Mr. Bradley supplied it. "Then the man deserves what's coming to him," he drawled.
"I told you this murder wasn't the work of a highly intelligent mind," said Miss Dammers.
"Well, now, to complete my reconstruction. Sir Eustace decides to rid himself of his encumbrance, and arranges what he thinks a perfectly safe way of doing so. The nitrobenzene, which appears to worry Mr. Bradley so much, seems to me a very simple matter. Sir Eustace has decided upon chocolates as the vehicle, and chocolate liqueurs at that. (Mason's chocolate liqueurs, I should say, are a favourite purchase of Sir Eustace's. It is significant that he had bought several one - pound boxes recently.) He is searching, then, for some poison with a flavour which will mingle well enough with that of the liqueurs. He is bound to come across oil of bitter almonds very soon in that connection, actually used as it is in confectionery, and from that to nitrobenzene, which is more common, easier to get hold of, and practically untraceable, is an obvious step.

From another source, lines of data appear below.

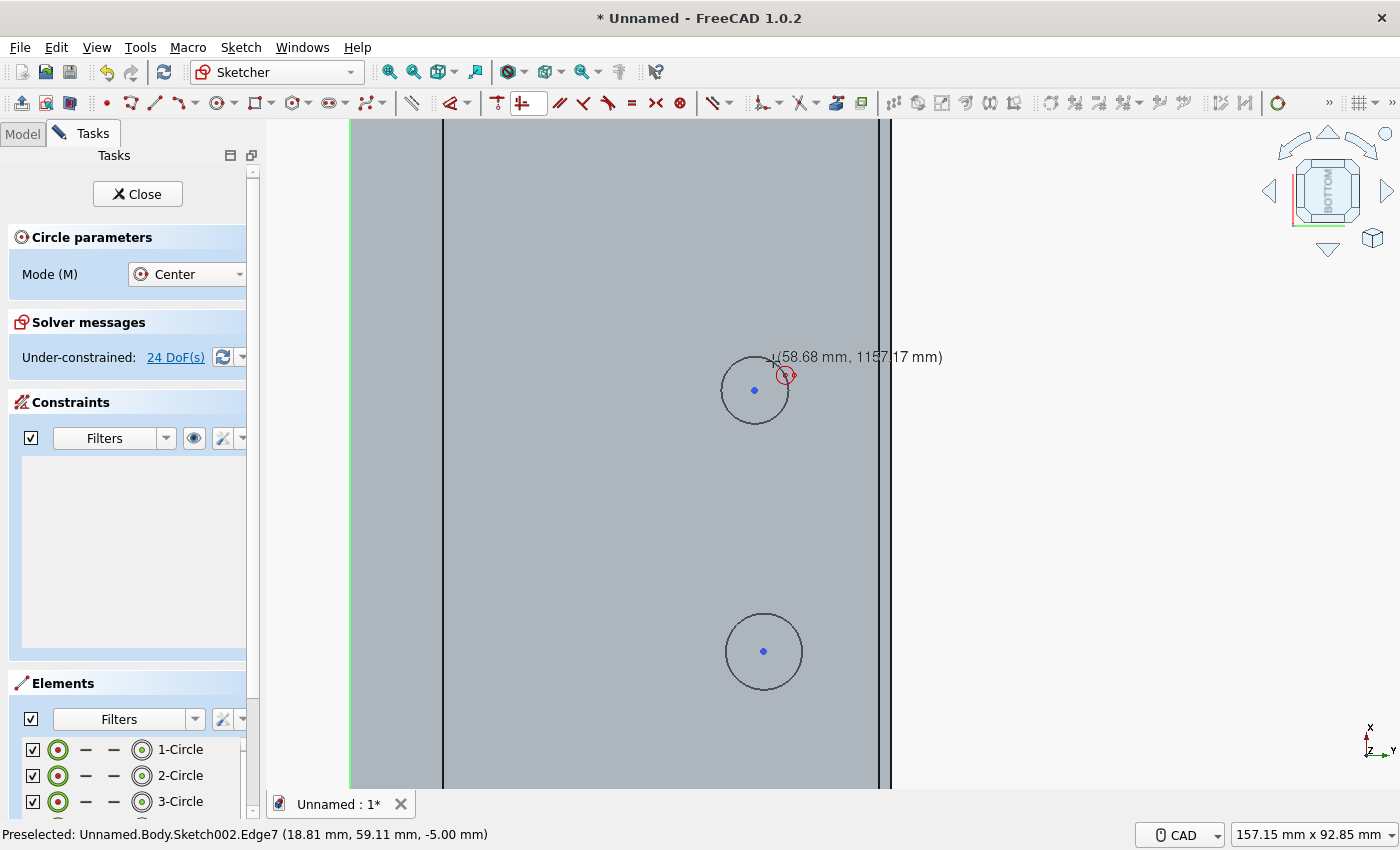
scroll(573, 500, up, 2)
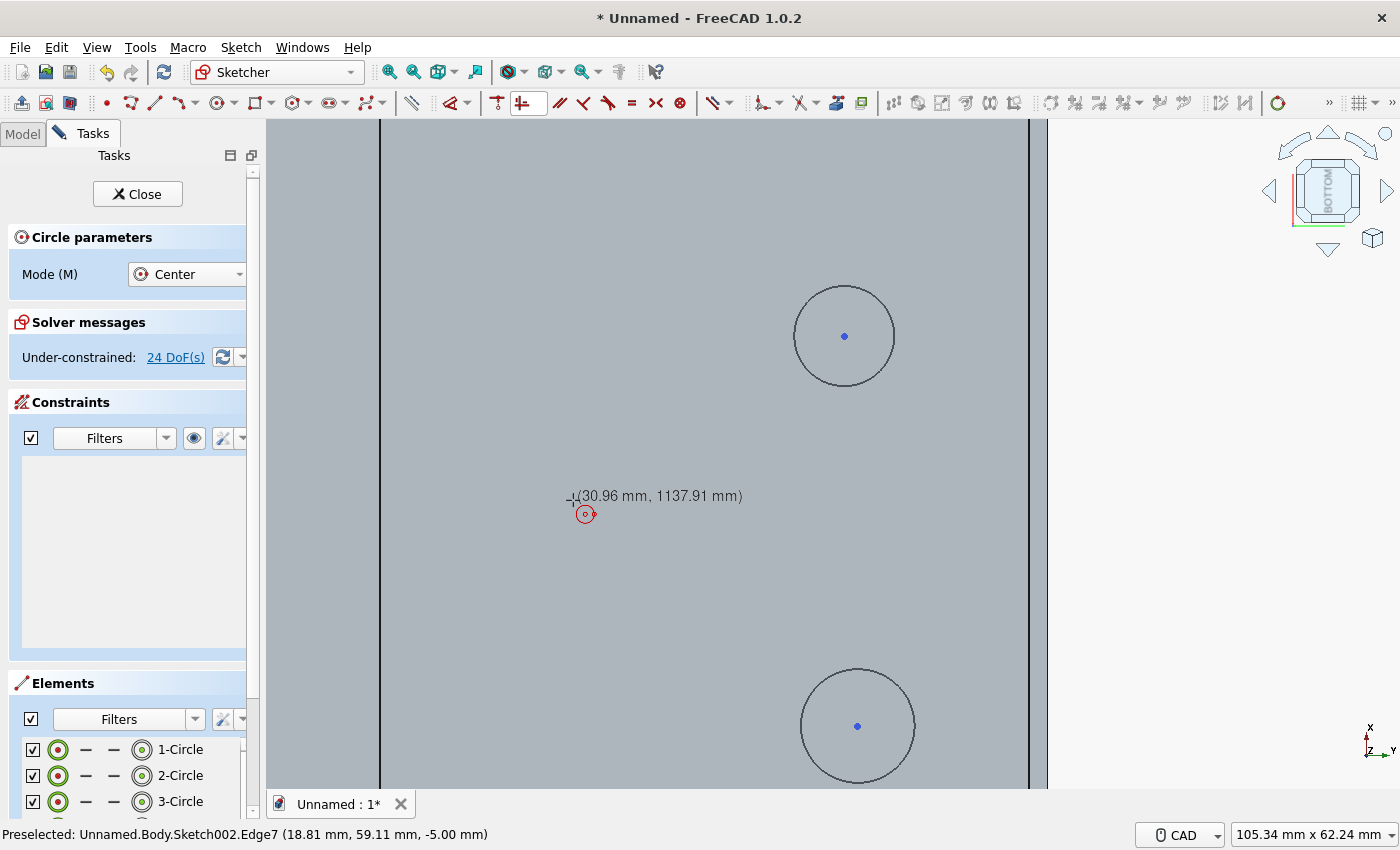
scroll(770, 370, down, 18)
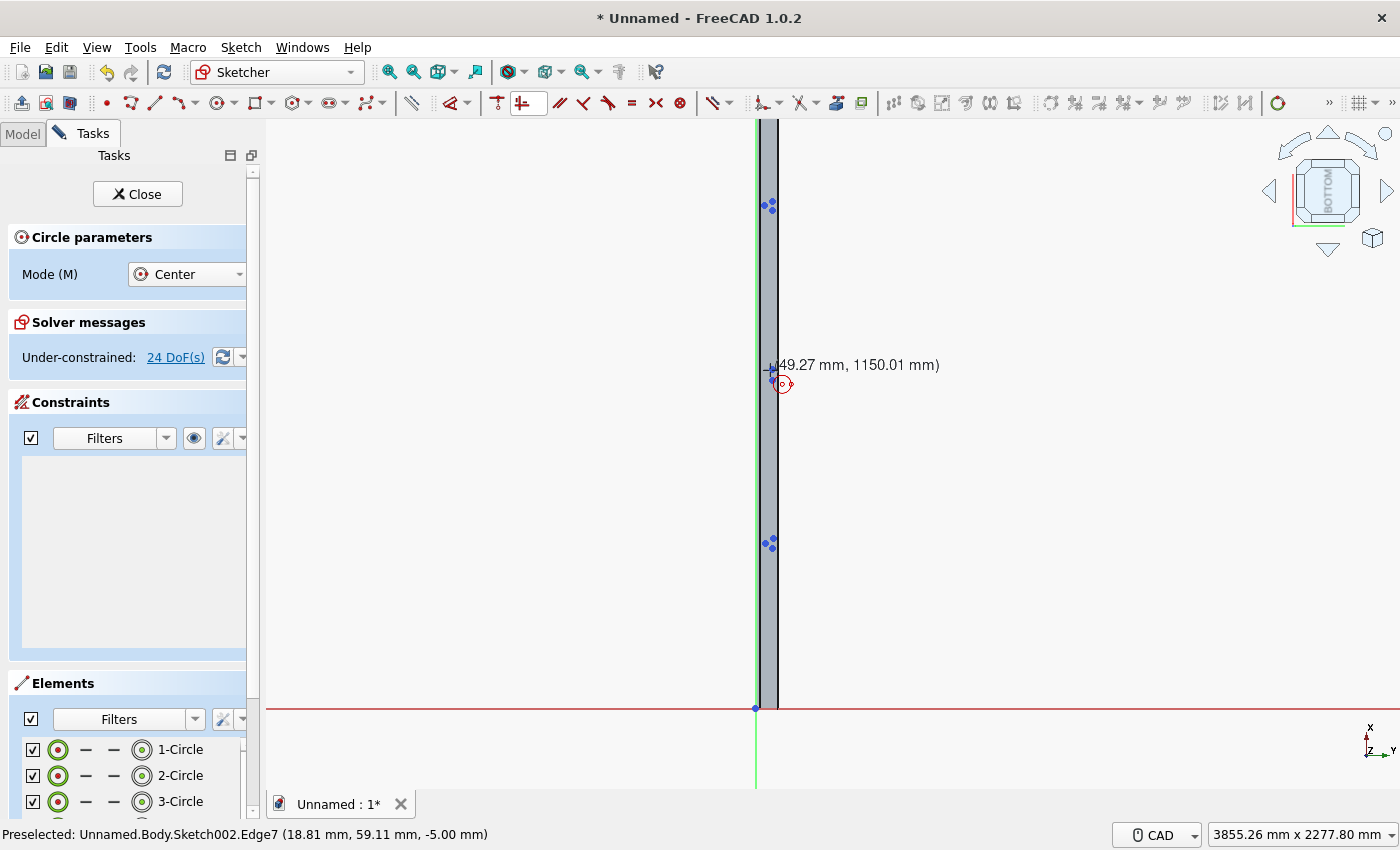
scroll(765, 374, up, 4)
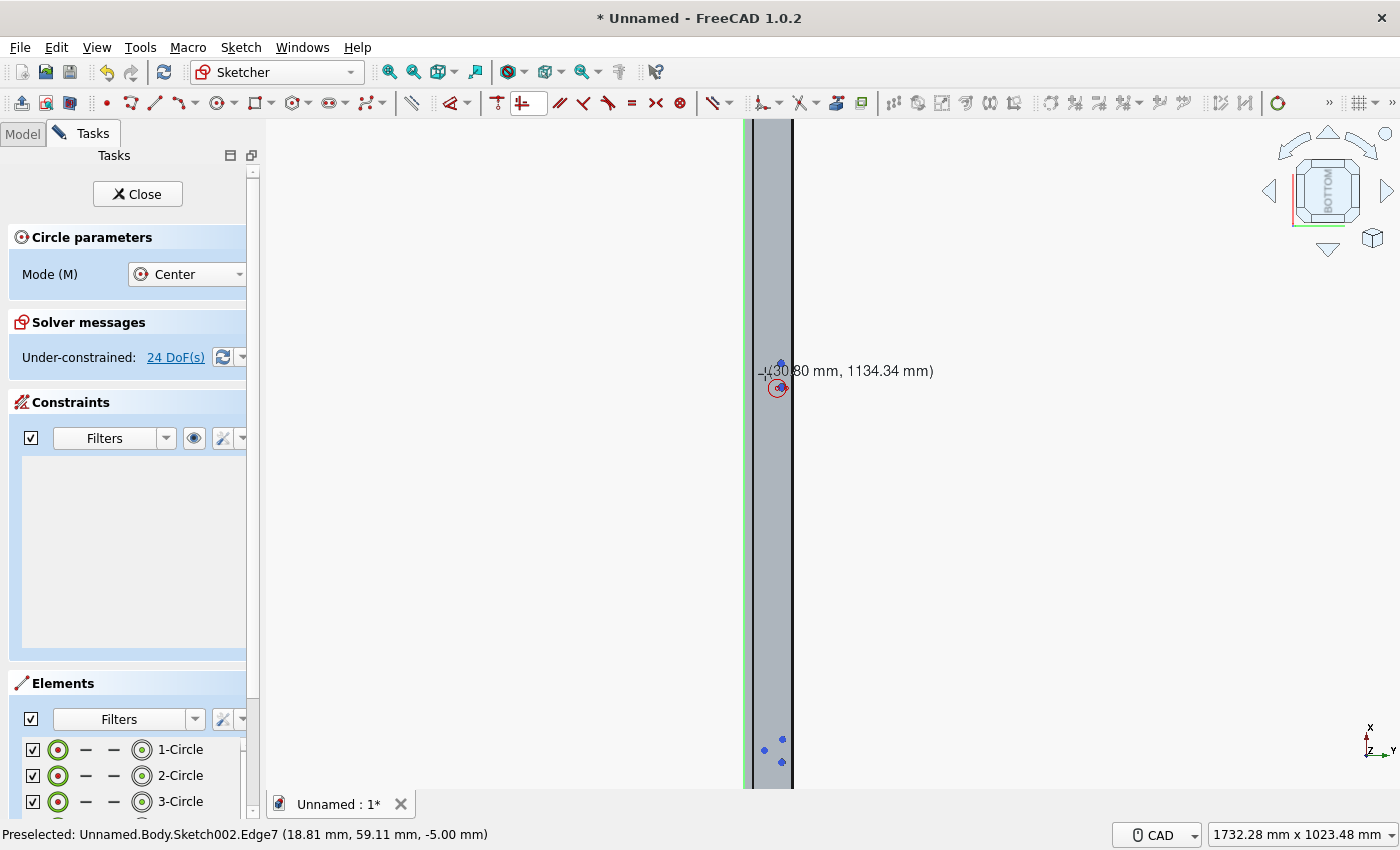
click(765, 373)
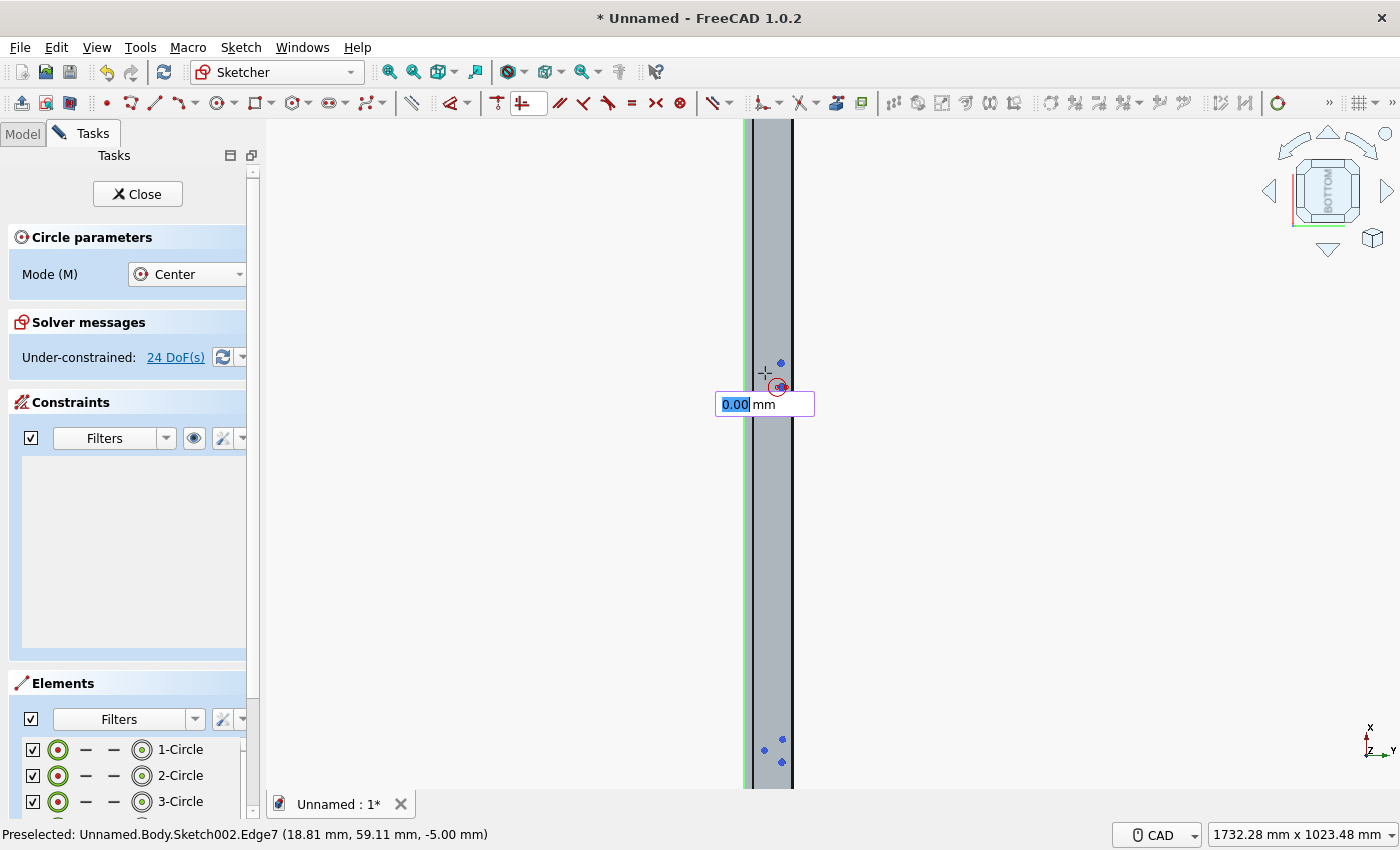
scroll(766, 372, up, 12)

"He arranges to meet Mrs. Bendix for lunch, intending to make a present to her then of the chocolates which are to come to him that morning by post, a perfectly natural thing to do. He will already have the porter's evidence of the innocent way in which he acquired them. At the last minute he sees the obvious flaw in this plan. If he gives Mrs. Bendix the chocolates in person, and especially at lunch at Fellows's Hotel, his intimacy with her must be disclosed. He hastily racks his brains and finds a very much better plan. Getting hold of Mrs. Bendix, he tells her some story of her husband and Vera Delorme.